Westerns thrived on television in the 1950s. In the 1958-’59 season there were 30 western series in prime time. You don’t need to sample them all but you should know Gunsmoke. It ran 20 years and more than 600 episodes, all featuring James Arness as Marshal Matt Dillon.

What’s My Line?
Several game shows aired in prime time in the 1950s, and one of the best was What’s My Line. Unlike later generations of game shows featuring screaming contestants and hosts with the subtlety of used car salesmen, this was an elegant, cultured series with a witty celebrity panel and a distinguished journalist as its host.

Another successful radio adaptation, Dragnet introduced viewers to the no-nonsense L.A. police detective Sgt. Joe Friday, as played by Jack Webb. The series became known for its staccato dialogue exchanges and iconic theme (the opening four notes once ranked only behind Beethoven’s Fifth in instant recognition). Friday was so admired by real cops that the real Los Angeles Police Department retired his badge number. 

Howdy Doody
TV’s first kiddie show phenomenon, and one of the first series to awaken advertisers to the impact of the new medium; when Howdy and Buffalo Bob endorsed a product, sales skyrocketed. The Howdy Doody puppet is now on display at the Smithsonian. 

Leave it to Beaver
A family situation comedy that defined both its era and its genre, and that introduced a character in Eddie Haskell that became synonymous with sycophantic weasels. 

Your Show of Shows
A towering achievement of TV’s Golden Age, Your Show of Shows presented 90 minutes of often inspired live sketch comedy, every week, for four years. The series was fueled by genius both in front of the camera (Sid Caesar, Imogene Coca, Carl Reiner) and in the writer’s room (Mel Brooks, Neil Simon, Larry Gelbart). It also inspired The Dick Van Dyke Show and the film (and Broadway musical) My Favorite Year.

The Honeymooners
Episodes from “the classic 39” have been on television almost non-stop for more than half a century. Jackie Gleason and Art Carney were the medium’s first great comedy team, and Carney’s Ed Norton is the forefather of every wacky TV neighbor from Gladys Kravitz to Cosmo Kramer.

The Ernie Kovacs Show
Where other comedians were content to play on television, Ernie Kovacs was the only personality who would play with television, creating surreal audio and visual tricks that were decades ahead of their time. 

The Original Amateur Hour
Hosted by Ted Mack, the Ryan Seacrest of the Eisenhower era, television’s first talent show aired for 22 years. It launched very few careers, but contestants included Pat Boone and a 7-year-old singer named Gladys Knight.

I Love Lucy
I trust no explanation is necessary. Laugh-out-loud moments can be found in every episode, and Desi Arnaz was an important pioneer in how situation comedies were staged and shot before a live audience. 

Perry Mason
Television’s first courtroom drama set the standard for dozens of subsequent legal shows, though no TV lawyer ever had a higher winning percentage than Perry Mason. Raymond Burr’s portrayal of Mason created an idealized image of the crusading attorney that defined that profession on TV for decades.

Playhouse 90
The dramatic anthology series has disappeared, but in the 1950s there were several outstanding programs that performed movie-length dramatic scripts live every week. Start with Playhouse 90 and “Requiem for a Heavyweight,” written by Rod Serling and starring Jack Palance.

Amos & Andy
One of TV’s most controversial series, and worth a look just for the discussions it generated on racial stereotypes at a time when the South was still segregated. Amos & Andy also has a number of defenders in the African-American community, and it’s worth reading that side of the argument as well. Plus, it’s still a very funny show.

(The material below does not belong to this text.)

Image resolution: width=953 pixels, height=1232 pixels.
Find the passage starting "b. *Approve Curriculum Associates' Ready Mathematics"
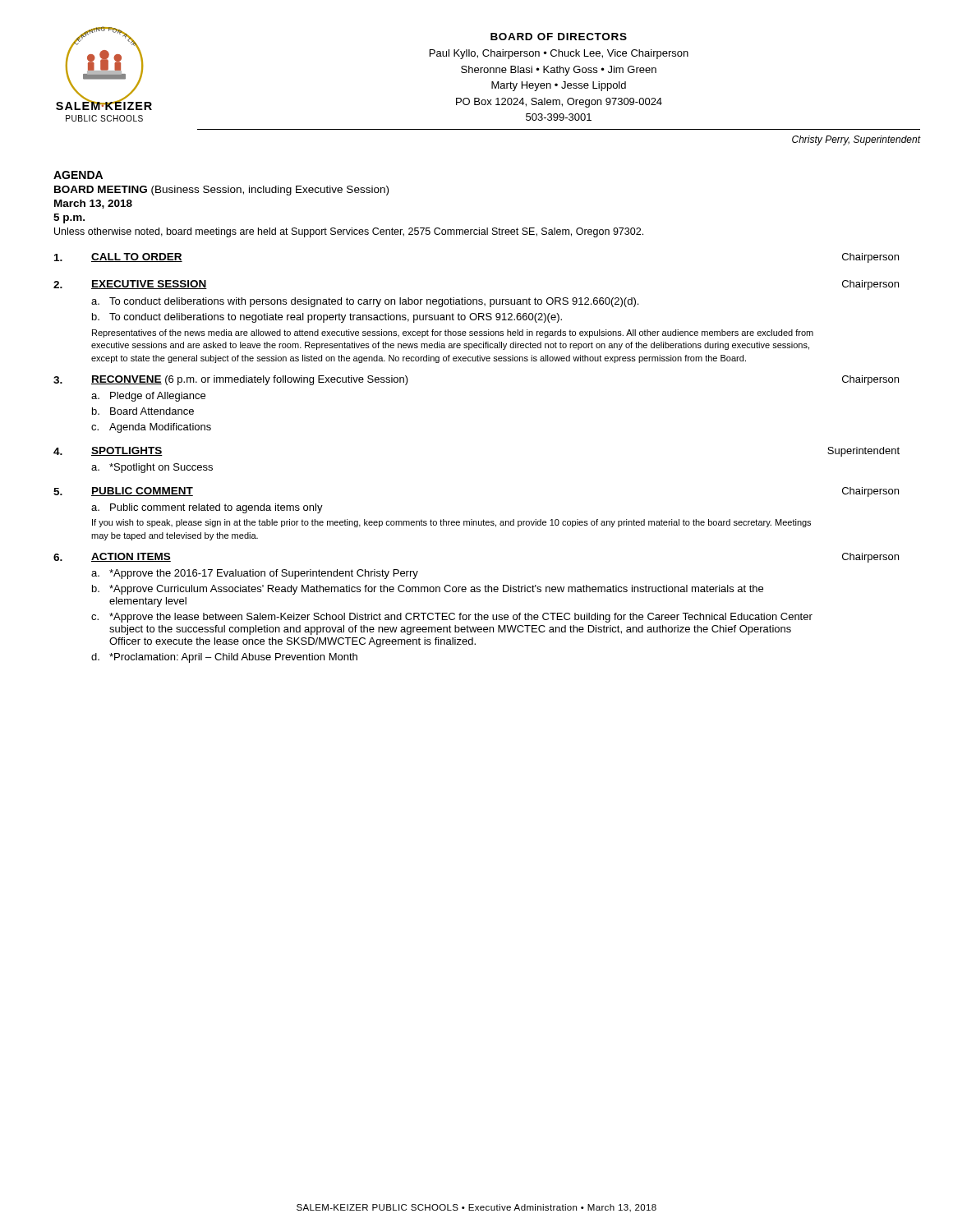(454, 595)

Arthur Godfrey and His Friends
Arthur Godfrey was one of Golden Age TV’s most unique personalities. His folksy charm attracted millions of viewers to both daytime and prime time series, but when he fired one of his “friends,” singer Julius LaRosa, during a live broadcast, fans saw a darker side to Godfrey and never forgave him. 

The Mickey Mouse Club
In 1955, nine of the ten most-watched afternoon television shows were episodes of The Mickey Mouse Club (#10 was a World Series game). Ambitious for its time (and for now, really), the merry (and very talented) Mousketeers hosted one hour of singing, dancing, serials, news, cartoons, travelogues and guest stars. Why? Because they liked you. 

The Phil Silvers Show
As inveterate gambler and con man Sgt. Ernie Bilko, Phil Silvers created one of television’s most lovable rats. Concerns over portraying a military man as a flim-flam artist dissipated after voluntary enlistments actually rose during the years the series aired. 

Toast of the Town
Better known as The Ed Sullivan Show, this was the variety series that introduced The Beatles to America, and censored Elvis Presley by only shooting his performances from the waist up. All that, plus it turned an Italian mouse puppet named Topo Gigio into a household name.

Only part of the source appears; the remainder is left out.